VALVE PLATE.- The stationary valve plate, located between the A-end and B-end, has two crescent-shaped ports. The valve plate keeps the fluid being drawn into the A-end separate from the fluid being discharged under pressure to the B-end.
B-END.- The B-end, with its fixed-position tilt plate, operates in a reverse manner from the A-end, converting fluid flow into rotary motion. When fluid output from the A-end piston is applied to the B-end piston, the resultant thrust of the ball-end connecting rod against the inclined socket ring causes the socket ring to rotate. A universal joint connects the socket ring to the B-end output shaft so that both the output shaft and the cylinder barrel rotate with the socket ring (fig. 6-4). The cylinder barrel rotates against the two crescent-shaped ports in the valve plate. One port supplies A-end fluid to the axial pistons for a thrust stroke and the other port receives displaced fluid from the pistons on the retract stroke. During continuous rotation of the B-end, hydraulic fluid from the A-end is applied to the piston for the thrust stroke. As the cylinder bore moves past the land separating the two ports, fluid empties into the discharge port as the piston moves in the retract stroke. The discharge port for the B-end, which is replenished with supercharge fluid, connects to the intake port for the A-end. This action keeps hydraulic fluid in the CAB unit circulating within a closed loop with only supercharge fluid replenishing fluid lost through slippage.
Safety Relief Valve
The elevation safety relief valve (fig. 6-5, view A) is a compound relief valve, consisting of a pilot valve (UVE67), main relief valve (UVE68), and four check valves (UVE69, UVE70, UVE71, and UVE72). There are two springs in the valve block that hold UVE67 and UVE68 seated until an excessive pressure condition occurs. There are two control orifices in UVE68 that prevent pressure buildup in the CAB unit during normal operation.

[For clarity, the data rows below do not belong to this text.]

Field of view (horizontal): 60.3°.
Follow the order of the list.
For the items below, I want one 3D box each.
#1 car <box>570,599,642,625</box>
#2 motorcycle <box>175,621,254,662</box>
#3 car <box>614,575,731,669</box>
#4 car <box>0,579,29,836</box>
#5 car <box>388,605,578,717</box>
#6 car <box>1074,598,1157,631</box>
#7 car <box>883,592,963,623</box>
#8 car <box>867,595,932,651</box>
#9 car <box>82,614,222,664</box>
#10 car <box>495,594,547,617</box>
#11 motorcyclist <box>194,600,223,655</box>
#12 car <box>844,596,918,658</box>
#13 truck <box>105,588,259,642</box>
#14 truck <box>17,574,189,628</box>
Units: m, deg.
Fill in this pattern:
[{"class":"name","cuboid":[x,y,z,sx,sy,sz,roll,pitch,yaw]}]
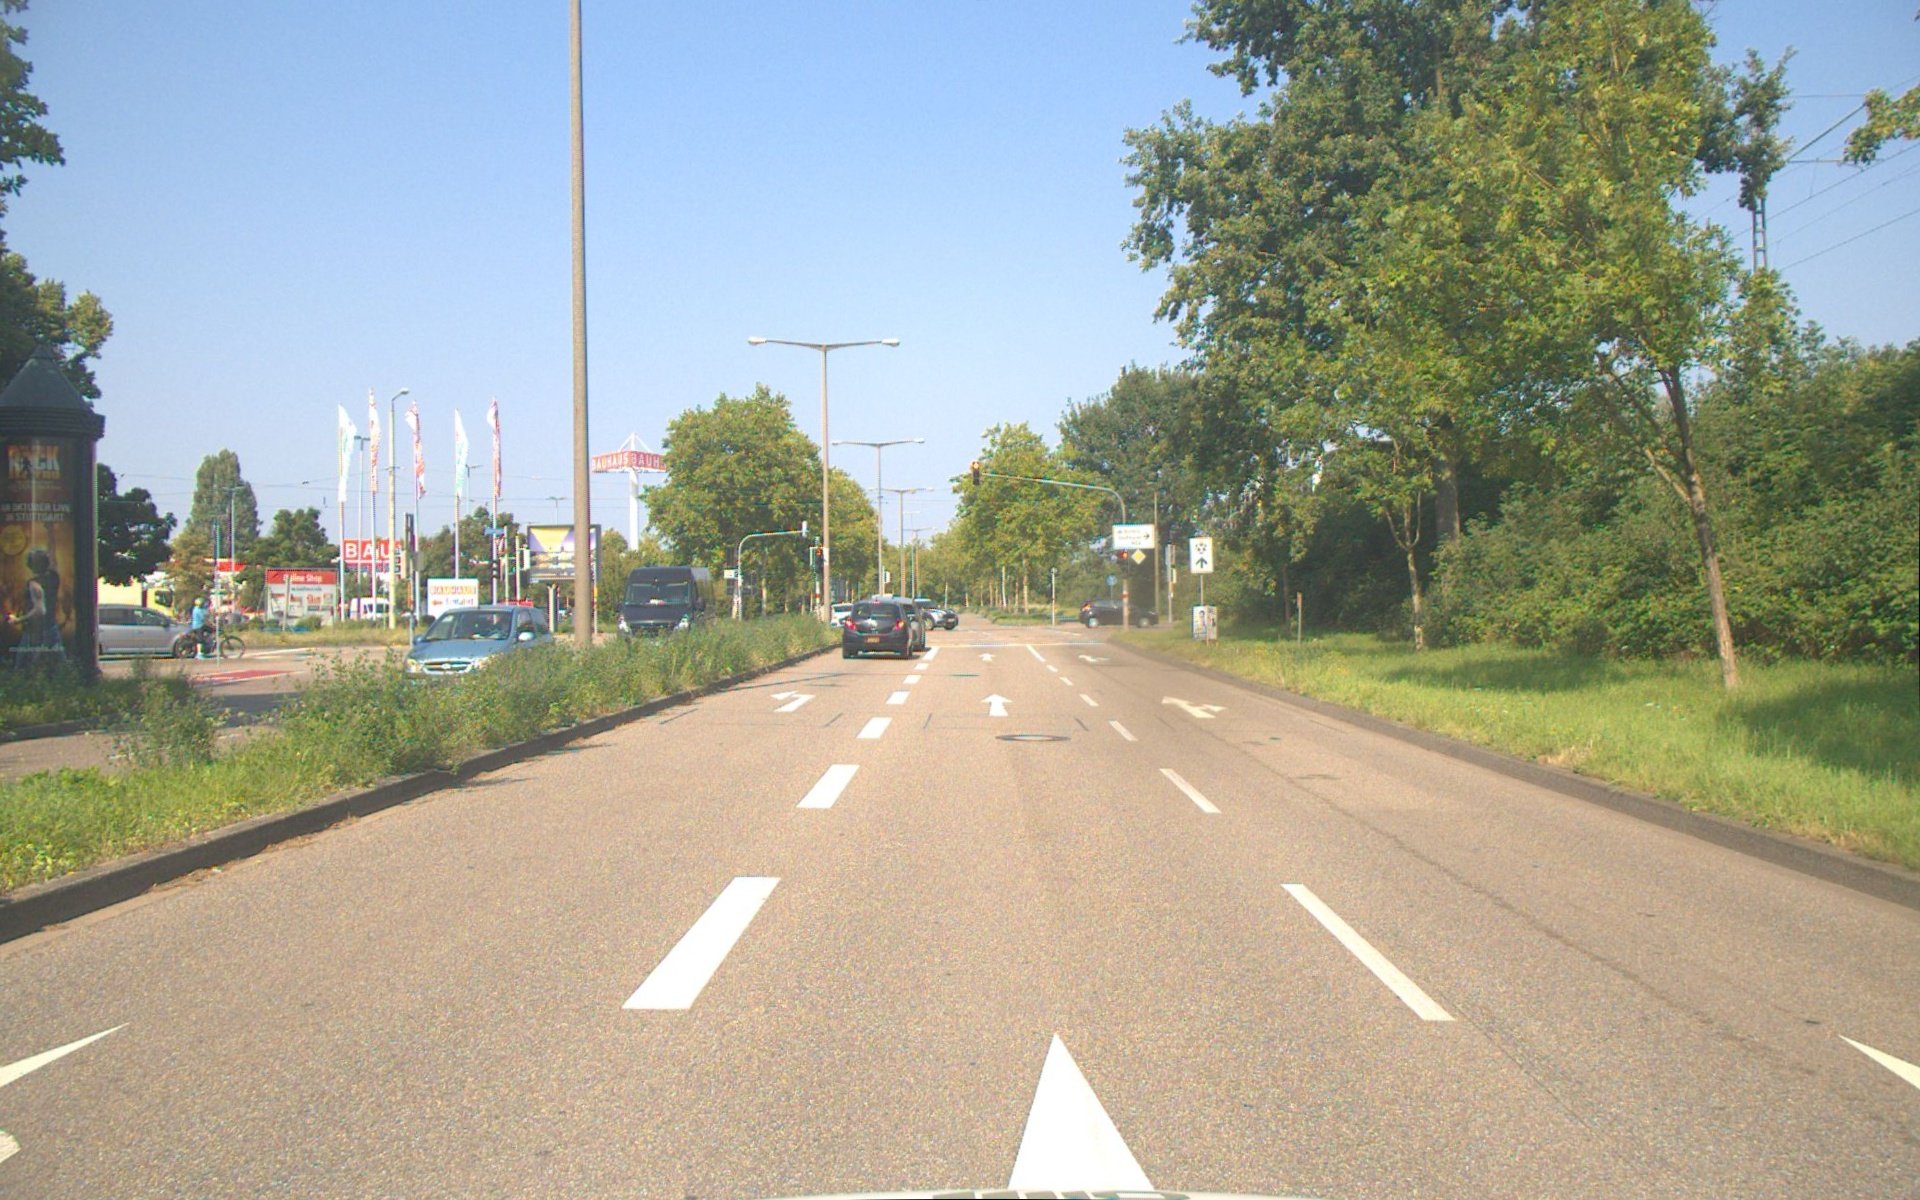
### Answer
[{"class":"car","cuboid":[-18.483,0.607,86.411,3.303,1.156,1.494,-3,0,9]},{"class":"motorcycle","cuboid":[-22.027,1.218,48.915,2.052,1.156,0.669,0,-1,-35]},{"class":"car","cuboid":[-7.709,0.580,44.991,2.068,2.374,6.282,0,0,0]},{"class":"car","cuboid":[-7.425,0.715,9.236,1.953,1.736,4.503,0,0,-1]},{"class":"car","cuboid":[-7.285,0.879,25.649,1.736,1.601,4.000,0,0,1]},{"class":"car","cuboid":[7.557,0.697,80.602,3.880,1.560,1.823,0,0,1]},{"class":"car","cuboid":[-1.880,0.369,83.299,3.904,1.512,1.617,0,0,39]},{"class":"car","cuboid":[-1.707,0.636,47.727,1.657,1.512,4.000,-1,0,0]},{"class":"car","cuboid":[-24.565,1.167,50.335,3.661,1.468,1.448,0,-1,-36]},{"class":"car","cuboid":[-40.818,0.514,153.832,4.250,2.049,1.971,0,-1,-40]},{"class":"motorcyclist","cuboid":[-22.173,0.815,48.814,0.676,1.599,0.675,0,-1,-35]},{"class":"car","cuboid":[-2.016,0.664,42.914,1.657,1.512,4.000,-1,0,0]},{"class":"truck","cuboid":[-34.832,0.681,74.132,5.860,2.370,2.105,0,0,-2]},{"class":"truck","cuboid":[-52.151,0.043,100.792,8.912,3.009,3.470,-2,0,-36]}]

The safety relief valve has two functions:
1. It limits hydraulic pressure buildup in the high-pressure output line of the A-end. (It operates in conjunction with the pressure cutout switch SIE2A.)
2. It prevents pump cavitation by porting supercharge fluid to the low-pressure return line of the A-end (compensating for fluid lost through slippage and leakage).
The direction of the A-end stroke determines which chamber of the valve plate ports A-end output (high
Figure 6-4.-CAB unit (mechanical schematic).
Figure 6-5.-Safety relief valve operation.
pressure) fluid and which ports return (low pressure) fluid. The operation of the main relief valve, however, is independent of the direction of stroke. Figure 6-5, view A, shows the valve plate feeding A-end output to chamber A and return fluid to chamber B of the main relief valve. The valve functions in the same manner when the fluid in chambers A and B are reversed.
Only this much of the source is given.